48. Mr. President, on behalf of Colombia I should like to join in the well-justified congratulations that have been addressed to you upon your assuming the high office of President of the General Assembly at this twenty-second session. Those of us who welcome your election do so in the certitude that, in conformity with your clear record and your career as a statesman, an eminent internationalist and a staunch friend of peace, you will direct our work with impartiality, justice, propriety and intelligence, in a task that will not be easy but that, encouraged by these lofty purposes, will of necessity help towards the solution of the serious problems with which we are called upon to deal.
49. This is the second time that, as Foreign Minister of Colombia, I have come to address this august forum. I do so with the respect that my country has always felt for the representatives of all the peoples of the world that have their place here and I come imbued with my country's traditional spirit of peace and resolved to apply this spirit to the decisions of this world Organization. I am glad, therefore, to reiterate these sentiments to you, to offer you our respectful greetings and to assure you of the admiration and affection that the people of Colombia feel for each of the peoples represented here.
50. We could not really feel satisfied, calm or in agreement with the situation with which we are faced at the beginning of this session of the General Assembly. The world has been unable to rid itself of fear, malaise and injustice, which are still characteristics of the present era. Violence is breaking out everywhere, with its train of bitterness and sorrow, and we are all filled with a foreboding that if certain situations are not remedied promptly, it may well be that world disaster may prove unavoidable.
51. In my statement on behalf of Colombia in the general debate at the twenty-first session [1416th meeting], I analysed the defects of our Organization and the efficiency it has occasionally shown in the preservation of peace. They are structural defects which, instead of being corrected, have been accentuated; far from there being any firm collective determination to rectify them, there seems to be an inexplicable design on the part of some Governments to retain them. That explains why our Organization has been unable to take action to achieve and impose peace in Asia. It also explains why it was unable to adopt any effective means of preventing the sad conflict in the Near East. The truth is that we cannot go on like this; the truth is that we cannot look on with cold indifference, or, if you wish, with anguish, while the world moves towards the abyss, nor can we afford to refrain from action to prevent the perpetration of the deeds that are going on before our eyes.
52. The non-proliferation of nuclear weapons is the first concern of the world of today and it will remain so as long as the spectre of an atomic conflagration looms up as a horrifying future prospect. Unfortunately, the efforts that the General Assembly has been making to halt the production and expansion of nuclear weapons have not made much progress.
53. The industrialized countries do not want to fall behind or to be at a military disadvantage in relation to the countries which possess such weapons and it would not be surprising if even the less-developed countries too might want, to test their devices. For the time being there are two countries which are completely outside any international control for the testing and manufacture of nuclear and thermo-nuclear weapons and which possess them; France and Communist China.

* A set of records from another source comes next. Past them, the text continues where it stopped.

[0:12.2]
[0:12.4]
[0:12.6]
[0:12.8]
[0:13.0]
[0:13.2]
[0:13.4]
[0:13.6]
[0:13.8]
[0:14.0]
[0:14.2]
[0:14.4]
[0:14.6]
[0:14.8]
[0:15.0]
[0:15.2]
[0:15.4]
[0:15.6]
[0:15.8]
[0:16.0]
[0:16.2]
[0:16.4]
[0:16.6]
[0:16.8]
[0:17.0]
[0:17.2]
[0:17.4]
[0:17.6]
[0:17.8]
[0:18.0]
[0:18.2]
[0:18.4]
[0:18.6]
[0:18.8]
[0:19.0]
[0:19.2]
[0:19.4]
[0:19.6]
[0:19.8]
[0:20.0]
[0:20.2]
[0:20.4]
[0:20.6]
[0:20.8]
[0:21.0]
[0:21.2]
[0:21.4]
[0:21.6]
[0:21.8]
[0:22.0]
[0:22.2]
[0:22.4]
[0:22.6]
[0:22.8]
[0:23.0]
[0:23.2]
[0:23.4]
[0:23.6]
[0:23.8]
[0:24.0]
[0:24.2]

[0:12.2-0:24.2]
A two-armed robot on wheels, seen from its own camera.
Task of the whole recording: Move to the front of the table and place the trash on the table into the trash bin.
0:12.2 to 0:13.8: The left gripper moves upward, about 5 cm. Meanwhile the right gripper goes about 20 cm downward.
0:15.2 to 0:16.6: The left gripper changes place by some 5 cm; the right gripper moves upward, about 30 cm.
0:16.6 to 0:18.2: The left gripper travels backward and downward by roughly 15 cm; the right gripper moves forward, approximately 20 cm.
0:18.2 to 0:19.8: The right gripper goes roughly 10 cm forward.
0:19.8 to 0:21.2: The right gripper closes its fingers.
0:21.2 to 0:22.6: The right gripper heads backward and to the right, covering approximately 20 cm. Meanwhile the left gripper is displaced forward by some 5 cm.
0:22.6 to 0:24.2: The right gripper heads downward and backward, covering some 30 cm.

54. It is no good belittling the danger that the proliferation of nuclear weapons presents for the world by arguing that the very fact of their terrifying destructive power, which could wipe out our present civilization, will always inhibit States from starting a conflagration of this kind. If we review the history of mankind, we see clearly that ambition and the desire to predominate have never known any barriers, and certainly not that of consideration of the inexpressible horrors that any armed conflict entails. Even today we hear macabre conjectures of the advantage that an atomic war could be for over-populated countries.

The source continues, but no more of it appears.